For this purpose, an output of the node 232 needs to be partitioned into a stream 242 and a stream 244 by using the partitioning key set {B, C} of the query Q2 and an appropriate hash function to send the corresponding events to the node 252 and the node 254. Similarly, an output of the node 234 needs to be partitioned into a stream 246 and a stream 248 by using the partitioning key set {B, C} of the query Q2 and an appropriate hash function to send the corresponding events to the node 252 and the node 254.
Thus, in the example of FIG. 2B, even though the queries Q1 and Q2 are executed in parallel using four nodes 232, 234, 252, and 254, communications via four streams 242, 244, 246, and 248 occur among the four nodes 232, 234, 252, and 254. These communications consume network resources of the nodes.
US Patent Application Publication No. 2010/0030741, for example, discloses a method that receives a query plan including multiple queries, classifies the queries, computes an optimal partition set for each of the queries, and reconciles the optimal partition set of each of the queries with at least one subset of queries.
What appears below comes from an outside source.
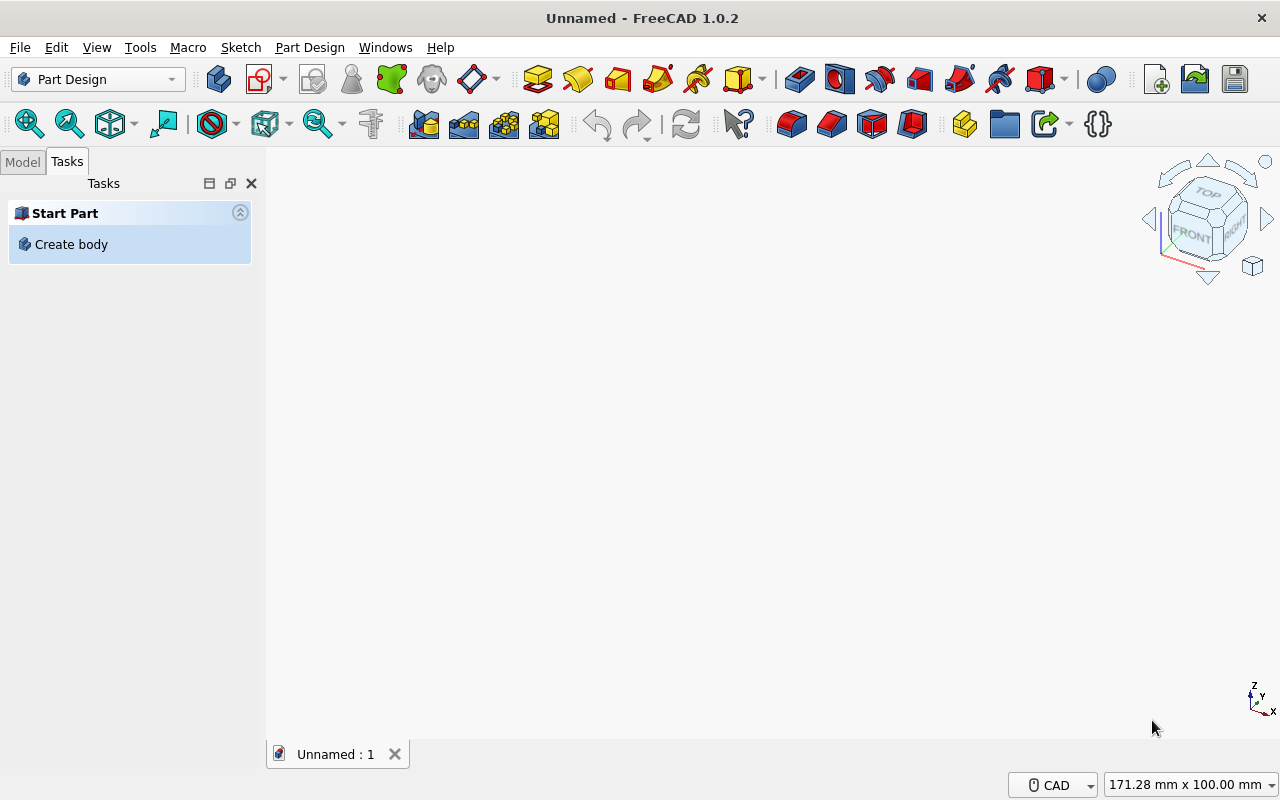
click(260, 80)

The method also selects at least one reconciled optimal partition set to be used by each of the queries, and stores the selected at least one reconciled optimal partition set in a computer readable medium.
Japanese Patent No. 4925143, for example, discloses a technology for analyzing a cause of a result of a stream data processing system taking into account a process performed by a unique window operator used in the stream data processing system.
Also, Japanese Laid-Open Patent Publication No. 2011-76153, for example, discloses a technology for automatically generating a query for complex event processing based on an event log. In this technology, patterns of combinations of attribute values frequently appearing in the event log are obtained, and frequently-occurring events are automatically generated based on the obtained patterns. Next, a frequently-occurring event sequence where labeled frequently-occurring events are arranged in the order of occurrence is generated. Then, a query for detecting the occurrence of an incident is generated based on the frequently-occurring event sequence.